Thursday, October 13, 2022

Some of Russia's closest allies abstained at the UN rather than support its claim to have annexed parts of Ukraine

Sinéad Baker
Russian President Vladimir Putin attends a cabinet meeting via videoconference in Moscow, Russia, Wednesday, Aug. 31, 2022. Gavriil Grigorov/Sputnik/Kremlin Pool Photo via AP


UN members voted overwhelmingly on Wednesday to condemn Russia's annexation of Ukrainian regions.

Only 4 countries explicitly supported Russia. Allies in its CSTO military bloc mostly abstained.
Russia's invasion has left it increasingly isolated, even among traditionally friendly nations.

Some of Russia's allies abstained from a UN vote to condemn Russia over its annexation of Ukraine, leaving just four countries voting to support Russia as it becomes increasingly isolated over its invasion.

Only four countries —North Korea, Belarus, Syria, and Nicaragua — joined Russia to vote against the resolution at the UN General Assembly on Wednesday, which condemned Russia's annexation and demanded it give the territories back.

143 nations voted in support, agreeing to condemn Russia's annexation, while 35 abstained.


Among the abstentions were members of Collective Security Treaty Organization, a post-Soviet security bloc dominated by Russia and full of traditionally friendly countries.
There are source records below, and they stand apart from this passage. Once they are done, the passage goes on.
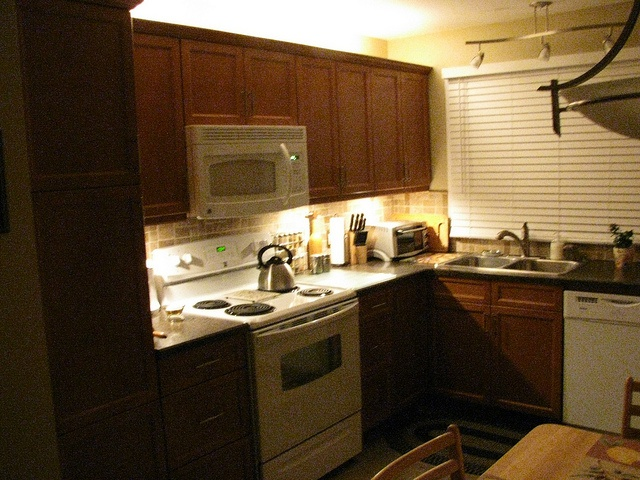Describe the objects in this image and their specific colors. I can see oven in black, ivory, and olive tones, microwave in black, olive, and maroon tones, dining table in black, olive, and maroon tones, chair in black, maroon, and olive tones, and oven in black, tan, maroon, and ivory tones in this image. 
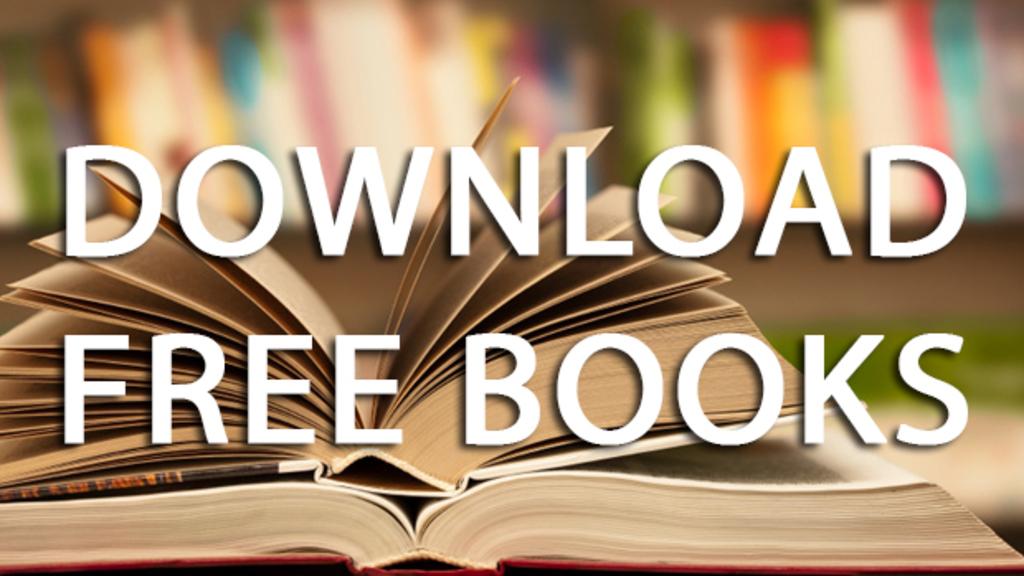What can you download for free?
Offer a terse response. Books. 
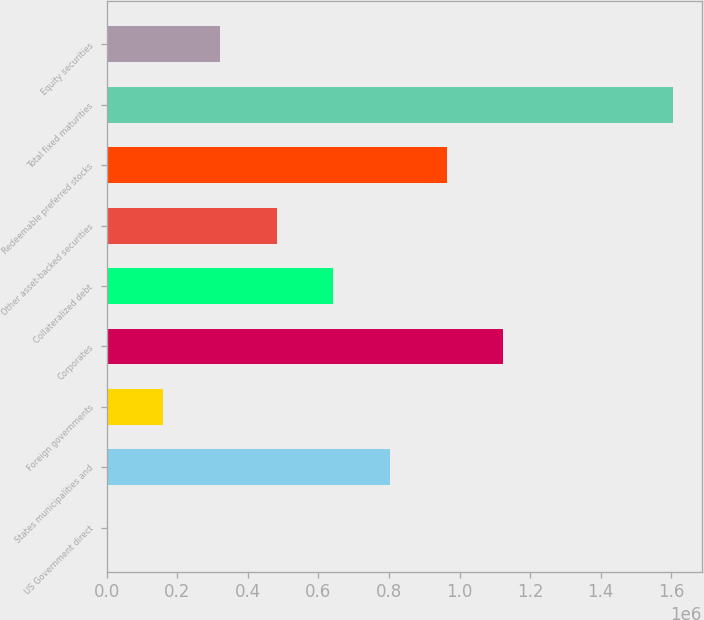<chart> <loc_0><loc_0><loc_500><loc_500><bar_chart><fcel>US Government direct<fcel>States municipalities and<fcel>Foreign governments<fcel>Corporates<fcel>Collateralized debt<fcel>Other asset-backed securities<fcel>Redeemable preferred stocks<fcel>Total fixed maturities<fcel>Equity securities<nl><fcel>4.67<fcel>803121<fcel>160628<fcel>1.12437e+06<fcel>642498<fcel>481875<fcel>963745<fcel>1.60624e+06<fcel>321251<nl></chart> 
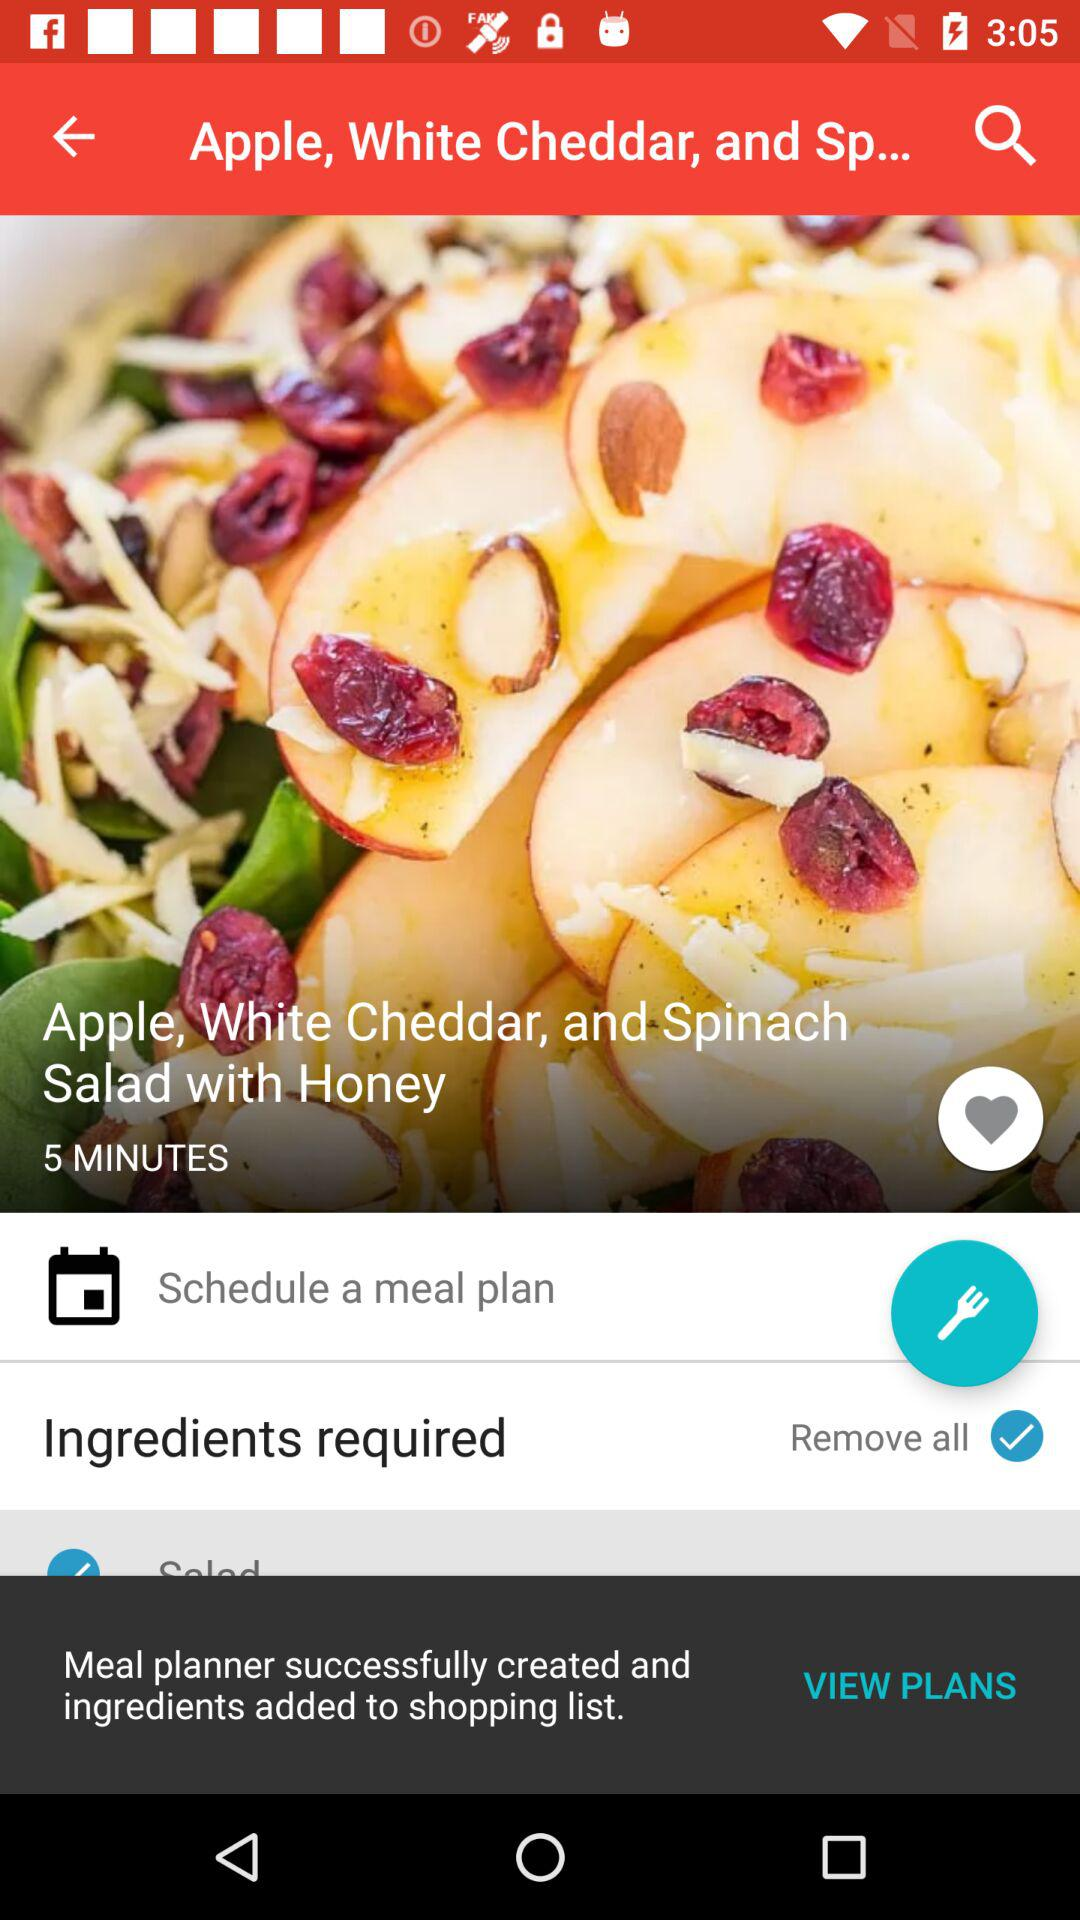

Four of its six members abstained: Kazakhstan, Armenia, Kyrgyzstan, and Tajikistan. Belarus and Russia itself are the final two members.

Experts say Russia's invasion of Ukraine has pushed them further from Russia.

Paul Stronski, an expert on Russia's relations with Central Asia at the Carnegie Endowment for International Peace, told The Moscow Times last month: "There is growing friction between the Kremlin, its proxies and local Central Asian elites."

Russia tried to make Wednesday's vote a secret ballot, which would have obscured which nations voted with Russia. But UN members rejected the suggestion and insisted the vote be public.


The General Assembly's resolutions are symbolic and will not result in any specific action in Ukraine.

Russia formally annexed the regions this month despite widespread global opposition.

It did so after conducting referendums in the four regions — Donetsk, Luhansk, Kherson, and Zaporizhzhia — which Ukraine and Western nations dismissed as a sham.

Russia's claim is also complicated by events on the battlefield: it does not control the entirety of any of the four regions and has been losing further territory to Ukrainian advances.